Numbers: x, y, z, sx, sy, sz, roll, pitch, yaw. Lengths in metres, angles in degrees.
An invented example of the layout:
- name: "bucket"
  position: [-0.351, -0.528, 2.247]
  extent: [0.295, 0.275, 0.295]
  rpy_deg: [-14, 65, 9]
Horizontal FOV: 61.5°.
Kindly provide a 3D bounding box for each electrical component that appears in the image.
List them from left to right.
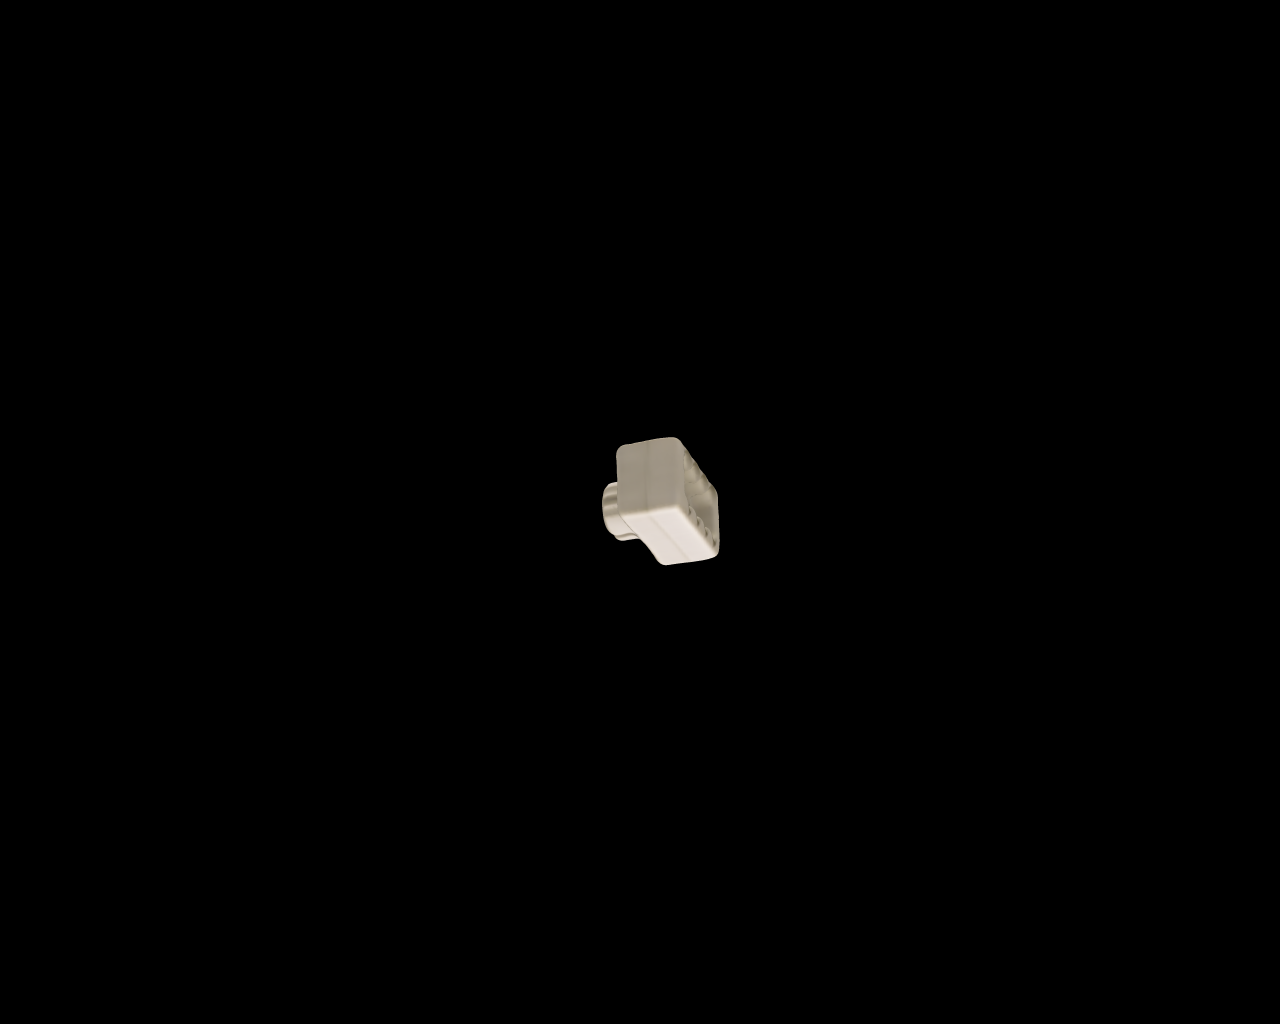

━━━━

■ **TASK ITEM**
Without carrying over any pictures, retype the records above exactly.

■ **SOLUTION FOR THIS TASK**
Numbers: x, y, z, sx, sy, sz, roll, pitch, yaw. Lengths in metres, angles in degrees.
An invented example of the layout:
- name: "bucket"
  position: [-0.351, -0.528, 2.247]
  extent: [0.295, 0.275, 0.295]
  rpy_deg: [-14, 65, 9]
Horizontal FOV: 61.5°.
Kindly provide a 3D bounding box for each electrical component that appears in the image.
List them from left to right.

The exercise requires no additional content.